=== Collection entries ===

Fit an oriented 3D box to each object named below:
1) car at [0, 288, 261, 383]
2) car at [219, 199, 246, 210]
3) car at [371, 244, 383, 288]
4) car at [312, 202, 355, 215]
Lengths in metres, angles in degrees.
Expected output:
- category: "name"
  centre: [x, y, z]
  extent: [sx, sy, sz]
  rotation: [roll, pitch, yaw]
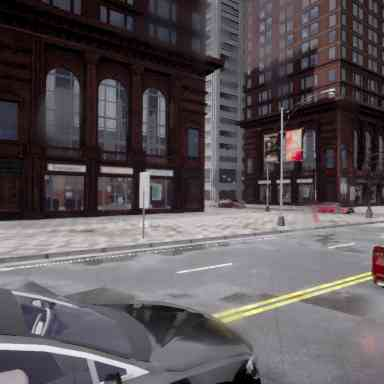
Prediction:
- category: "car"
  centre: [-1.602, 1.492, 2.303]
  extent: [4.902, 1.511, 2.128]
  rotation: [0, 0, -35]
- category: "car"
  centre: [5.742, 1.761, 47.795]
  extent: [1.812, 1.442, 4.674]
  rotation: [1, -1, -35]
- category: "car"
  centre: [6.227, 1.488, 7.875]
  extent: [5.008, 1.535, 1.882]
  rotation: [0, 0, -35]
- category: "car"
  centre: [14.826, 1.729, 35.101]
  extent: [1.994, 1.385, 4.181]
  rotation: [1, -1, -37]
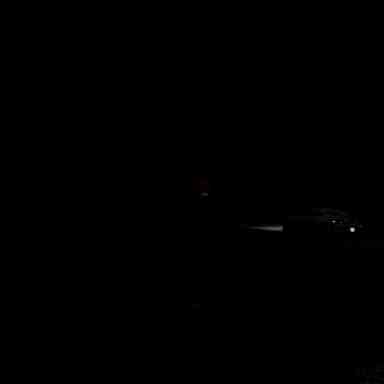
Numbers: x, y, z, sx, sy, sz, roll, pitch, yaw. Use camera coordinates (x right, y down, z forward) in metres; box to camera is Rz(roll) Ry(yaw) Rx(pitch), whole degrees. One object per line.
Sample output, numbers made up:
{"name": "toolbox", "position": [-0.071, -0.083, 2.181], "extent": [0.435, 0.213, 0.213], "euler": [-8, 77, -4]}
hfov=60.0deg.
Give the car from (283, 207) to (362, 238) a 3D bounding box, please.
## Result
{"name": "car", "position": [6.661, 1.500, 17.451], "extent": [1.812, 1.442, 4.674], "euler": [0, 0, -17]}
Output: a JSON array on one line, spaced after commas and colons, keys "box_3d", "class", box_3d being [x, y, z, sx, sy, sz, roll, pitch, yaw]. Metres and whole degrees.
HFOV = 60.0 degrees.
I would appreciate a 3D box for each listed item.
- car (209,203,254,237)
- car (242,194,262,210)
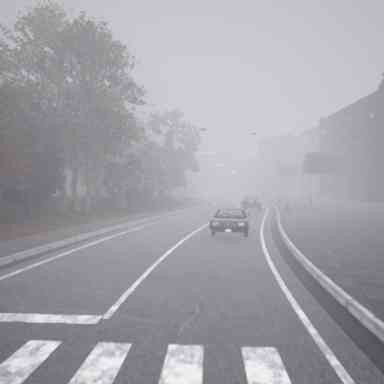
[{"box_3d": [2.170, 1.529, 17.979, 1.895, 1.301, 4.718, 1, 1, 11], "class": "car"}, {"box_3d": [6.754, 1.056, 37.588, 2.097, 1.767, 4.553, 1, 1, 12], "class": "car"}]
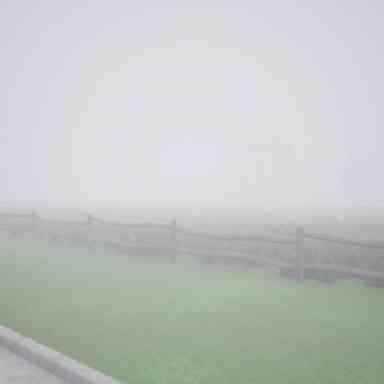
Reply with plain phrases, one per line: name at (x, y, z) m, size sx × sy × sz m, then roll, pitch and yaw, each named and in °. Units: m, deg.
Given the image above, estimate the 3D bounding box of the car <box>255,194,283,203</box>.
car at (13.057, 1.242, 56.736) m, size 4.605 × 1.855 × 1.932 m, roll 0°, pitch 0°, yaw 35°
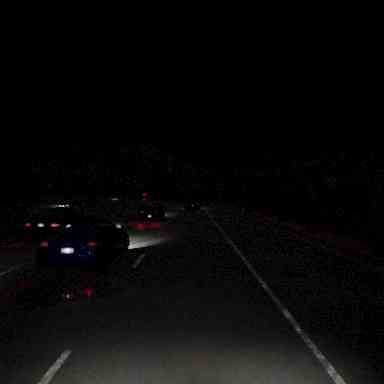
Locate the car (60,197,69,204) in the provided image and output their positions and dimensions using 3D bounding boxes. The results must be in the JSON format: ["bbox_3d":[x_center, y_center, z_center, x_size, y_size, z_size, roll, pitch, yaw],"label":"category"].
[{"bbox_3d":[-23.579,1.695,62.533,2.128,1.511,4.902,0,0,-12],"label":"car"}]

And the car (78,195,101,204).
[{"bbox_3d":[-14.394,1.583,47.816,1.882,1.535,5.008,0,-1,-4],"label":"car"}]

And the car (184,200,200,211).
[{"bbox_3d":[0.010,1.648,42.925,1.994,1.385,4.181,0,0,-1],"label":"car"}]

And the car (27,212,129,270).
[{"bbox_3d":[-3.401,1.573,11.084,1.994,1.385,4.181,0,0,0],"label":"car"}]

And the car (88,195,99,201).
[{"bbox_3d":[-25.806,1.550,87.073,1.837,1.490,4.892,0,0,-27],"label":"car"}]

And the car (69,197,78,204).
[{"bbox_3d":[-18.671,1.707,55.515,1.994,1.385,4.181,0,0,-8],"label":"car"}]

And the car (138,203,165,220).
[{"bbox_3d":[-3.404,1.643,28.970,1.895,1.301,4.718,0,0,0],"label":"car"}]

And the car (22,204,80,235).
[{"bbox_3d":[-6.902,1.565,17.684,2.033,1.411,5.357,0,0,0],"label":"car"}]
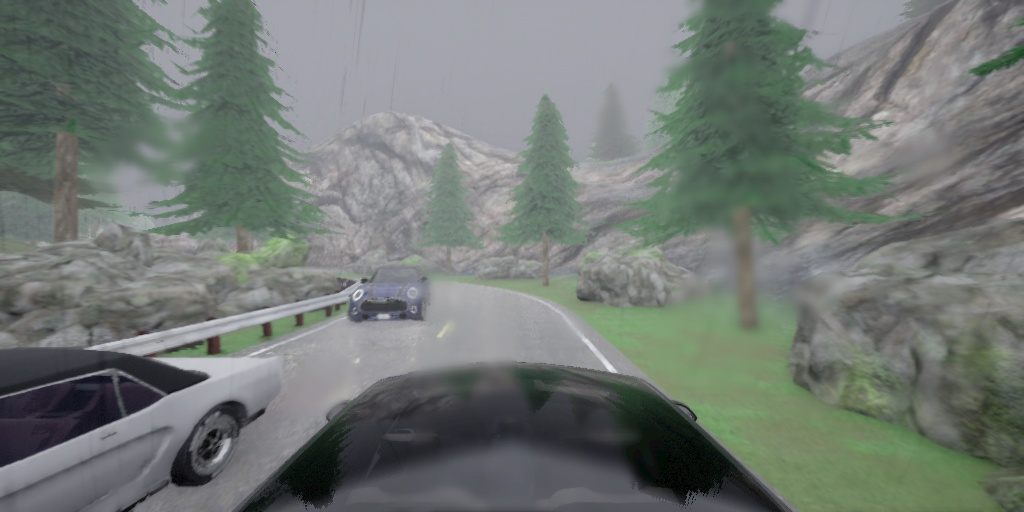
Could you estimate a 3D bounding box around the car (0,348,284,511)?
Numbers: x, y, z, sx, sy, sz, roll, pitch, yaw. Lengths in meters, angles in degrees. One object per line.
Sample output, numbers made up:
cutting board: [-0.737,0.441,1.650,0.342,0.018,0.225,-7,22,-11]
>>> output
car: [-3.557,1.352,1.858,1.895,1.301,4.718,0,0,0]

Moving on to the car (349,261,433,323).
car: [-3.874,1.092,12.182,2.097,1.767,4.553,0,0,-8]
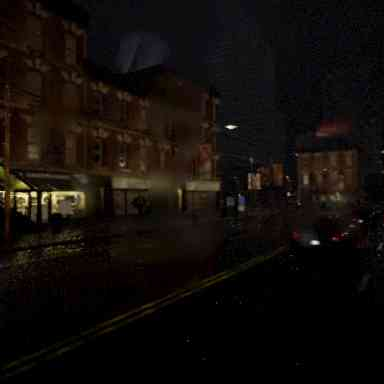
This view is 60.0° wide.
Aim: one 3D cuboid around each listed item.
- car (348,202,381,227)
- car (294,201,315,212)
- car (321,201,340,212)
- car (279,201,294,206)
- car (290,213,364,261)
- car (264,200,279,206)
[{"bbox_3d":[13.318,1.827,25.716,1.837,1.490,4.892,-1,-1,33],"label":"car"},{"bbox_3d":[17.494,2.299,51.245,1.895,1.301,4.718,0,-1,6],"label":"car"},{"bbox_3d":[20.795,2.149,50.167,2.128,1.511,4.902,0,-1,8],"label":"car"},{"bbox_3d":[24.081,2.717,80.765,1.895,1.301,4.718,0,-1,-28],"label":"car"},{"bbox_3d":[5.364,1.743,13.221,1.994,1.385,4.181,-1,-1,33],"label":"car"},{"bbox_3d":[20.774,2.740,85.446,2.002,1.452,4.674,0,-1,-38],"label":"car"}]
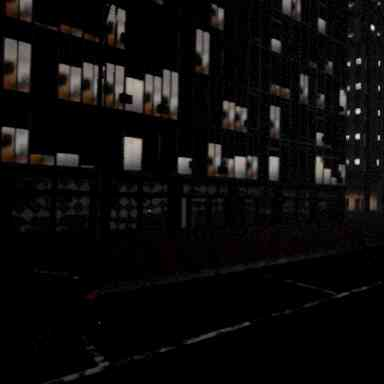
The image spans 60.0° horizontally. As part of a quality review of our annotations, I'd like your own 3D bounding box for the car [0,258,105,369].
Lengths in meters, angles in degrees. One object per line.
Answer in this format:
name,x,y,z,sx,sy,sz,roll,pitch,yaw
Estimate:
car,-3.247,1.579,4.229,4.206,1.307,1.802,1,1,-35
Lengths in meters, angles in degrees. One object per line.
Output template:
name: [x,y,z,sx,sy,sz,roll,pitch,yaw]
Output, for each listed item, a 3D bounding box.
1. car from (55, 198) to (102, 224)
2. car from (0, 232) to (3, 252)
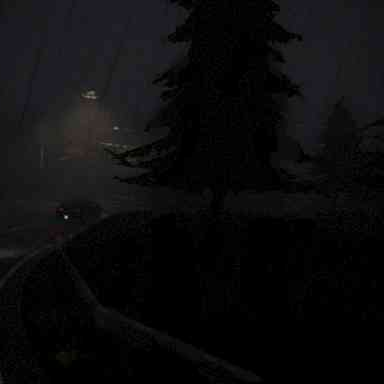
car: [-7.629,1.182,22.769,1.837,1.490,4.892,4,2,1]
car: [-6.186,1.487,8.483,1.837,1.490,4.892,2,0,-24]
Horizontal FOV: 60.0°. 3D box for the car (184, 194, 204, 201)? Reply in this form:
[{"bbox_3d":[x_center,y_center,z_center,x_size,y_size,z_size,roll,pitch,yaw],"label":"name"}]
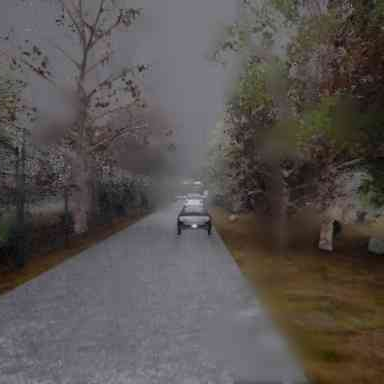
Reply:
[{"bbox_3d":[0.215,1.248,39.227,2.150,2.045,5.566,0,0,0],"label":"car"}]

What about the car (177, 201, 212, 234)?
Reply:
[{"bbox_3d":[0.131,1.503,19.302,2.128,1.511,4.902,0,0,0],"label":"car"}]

=== What to work on ===
Please output every record above exactly. Leave the pictures out.

=== Task output ===
Fit an oriented 3D box to each object named below:
1) car at [0, 288, 261, 383]
2) car at [219, 199, 246, 210]
3) car at [371, 244, 383, 288]
4) car at [312, 202, 355, 215]
Lengths in metres, angles in degrees.
Expected output:
- category: "name"
  centre: [x, y, z]
  extent: [sx, sy, sz]
  rotation: [roll, pitch, yaw]
Prediction:
- category: "car"
  centre: [-1.602, 1.492, 2.303]
  extent: [4.902, 1.511, 2.128]
  rotation: [0, 0, -35]
- category: "car"
  centre: [5.742, 1.761, 47.795]
  extent: [1.812, 1.442, 4.674]
  rotation: [1, -1, -35]
- category: "car"
  centre: [6.227, 1.488, 7.875]
  extent: [5.008, 1.535, 1.882]
  rotation: [0, 0, -35]
- category: "car"
  centre: [14.826, 1.729, 35.101]
  extent: [1.994, 1.385, 4.181]
  rotation: [1, -1, -37]
Numbers: x, y, z, sx, sy, sz, roll, pitch, yaw. Use camera coordinates (x right, y down, z forward) in metres; box to camera is Rz(roll) Ry(yaw) Rx(pitch), whole degrees. One object per line.
Sample output, numbers made up:
{"name": "toolbox", "position": [-0.071, -0.083, 2.181], "extent": [0.435, 0.213, 0.213], "euler": [-8, 77, -4]}
hfov=60.0deg.
Give the car from (283, 207) to (362, 238) a 3D bounding box, please.
## Result
{"name": "car", "position": [6.661, 1.500, 17.451], "extent": [1.812, 1.442, 4.674], "euler": [0, 0, -17]}
Output: a JSON array on one line, spaced after commas and colons, keys "box_3d", "class", box_3d being [x, y, z, sx, sy, sz, roll, pitch, yaw]. Metres and whole degrees.
HFOV = 60.0 degrees.
I would appreciate a 3D box for each listed item.
- car (209,203,254,237)
- car (242,194,262,210)
[{"box_3d": [2.170, 1.529, 17.979, 1.895, 1.301, 4.718, 1, 1, 11], "class": "car"}, {"box_3d": [6.754, 1.056, 37.588, 2.097, 1.767, 4.553, 1, 1, 12], "class": "car"}]
Reply with plain phrases, one per line: name at (x, y, z) m, size sx × sy × sz m, then roll, pitch and yaw, each named and in °. Units: m, deg.
Given the image above, estimate the 3D bounding box of the car <box>255,194,283,203</box>.
car at (13.057, 1.242, 56.736) m, size 4.605 × 1.855 × 1.932 m, roll 0°, pitch 0°, yaw 35°
Locate the car (60,197,69,204) in the provided image and output their positions and dimensions using 3D bounding boxes. The results must be in the JSON format: ["bbox_3d":[x_center, y_center, z_center, x_size, y_size, z_size, roll, pitch, yaw],"label":"category"].
[{"bbox_3d":[-23.579,1.695,62.533,2.128,1.511,4.902,0,0,-12],"label":"car"}]

And the car (78,195,101,204).
[{"bbox_3d":[-14.394,1.583,47.816,1.882,1.535,5.008,0,-1,-4],"label":"car"}]

And the car (184,200,200,211).
[{"bbox_3d":[0.010,1.648,42.925,1.994,1.385,4.181,0,0,-1],"label":"car"}]

And the car (27,212,129,270).
[{"bbox_3d":[-3.401,1.573,11.084,1.994,1.385,4.181,0,0,0],"label":"car"}]

And the car (88,195,99,201).
[{"bbox_3d":[-25.806,1.550,87.073,1.837,1.490,4.892,0,0,-27],"label":"car"}]

And the car (69,197,78,204).
[{"bbox_3d":[-18.671,1.707,55.515,1.994,1.385,4.181,0,0,-8],"label":"car"}]

And the car (138,203,165,220).
[{"bbox_3d":[-3.404,1.643,28.970,1.895,1.301,4.718,0,0,0],"label":"car"}]

And the car (22,204,80,235).
[{"bbox_3d":[-6.902,1.565,17.684,2.033,1.411,5.357,0,0,0],"label":"car"}]
Could you estimate a 3D bounding box around the car (0,348,284,511)?
Numbers: x, y, z, sx, sy, sz, roll, pitch, yaw. Lengths in meters, angles in degrees. One object per line.
Sample output, numbers made up:
cutting board: [-0.737,0.441,1.650,0.342,0.018,0.225,-7,22,-11]
>>> output
car: [-3.557,1.352,1.858,1.895,1.301,4.718,0,0,0]

Moving on to the car (349,261,433,323).
car: [-3.874,1.092,12.182,2.097,1.767,4.553,0,0,-8]
This view is 60.0° wide.
Aim: one 3D cuboid around each listed item.
- car (348,202,381,227)
- car (294,201,315,212)
- car (321,201,340,212)
- car (279,201,294,206)
- car (290,213,364,261)
- car (264,200,279,206)
[{"bbox_3d":[13.318,1.827,25.716,1.837,1.490,4.892,-1,-1,33],"label":"car"},{"bbox_3d":[17.494,2.299,51.245,1.895,1.301,4.718,0,-1,6],"label":"car"},{"bbox_3d":[20.795,2.149,50.167,2.128,1.511,4.902,0,-1,8],"label":"car"},{"bbox_3d":[24.081,2.717,80.765,1.895,1.301,4.718,0,-1,-28],"label":"car"},{"bbox_3d":[5.364,1.743,13.221,1.994,1.385,4.181,-1,-1,33],"label":"car"},{"bbox_3d":[20.774,2.740,85.446,2.002,1.452,4.674,0,-1,-38],"label":"car"}]
The image spans 60.0° horizontally. As part of a quality review of our annotations, I'd like your own 3D bounding box for the car [0,258,105,369].
Lengths in meters, angles in degrees. One object per line.
Answer in this format:
name,x,y,z,sx,sy,sz,roll,pitch,yaw
Estimate:
car,-3.247,1.579,4.229,4.206,1.307,1.802,1,1,-35
Lengths in meters, angles in degrees. One object per line.
Output template:
name: [x,y,z,sx,sy,sz,roll,pitch,yaw]
Output, for each listed item, a 3D bounding box.
1. car from (55, 198) to (102, 224)
2. car from (0, 232) to (3, 252)
car: [-7.629,1.182,22.769,1.837,1.490,4.892,4,2,1]
car: [-6.186,1.487,8.483,1.837,1.490,4.892,2,0,-24]
Horizontal FOV: 60.0°. 3D box for the car (184, 194, 204, 201)? Reply in this form:
[{"bbox_3d":[x_center,y_center,z_center,x_size,y_size,z_size,roll,pitch,yaw],"label":"name"}]
Reply:
[{"bbox_3d":[0.215,1.248,39.227,2.150,2.045,5.566,0,0,0],"label":"car"}]

What about the car (177, 201, 212, 234)?
Reply:
[{"bbox_3d":[0.131,1.503,19.302,2.128,1.511,4.902,0,0,0],"label":"car"}]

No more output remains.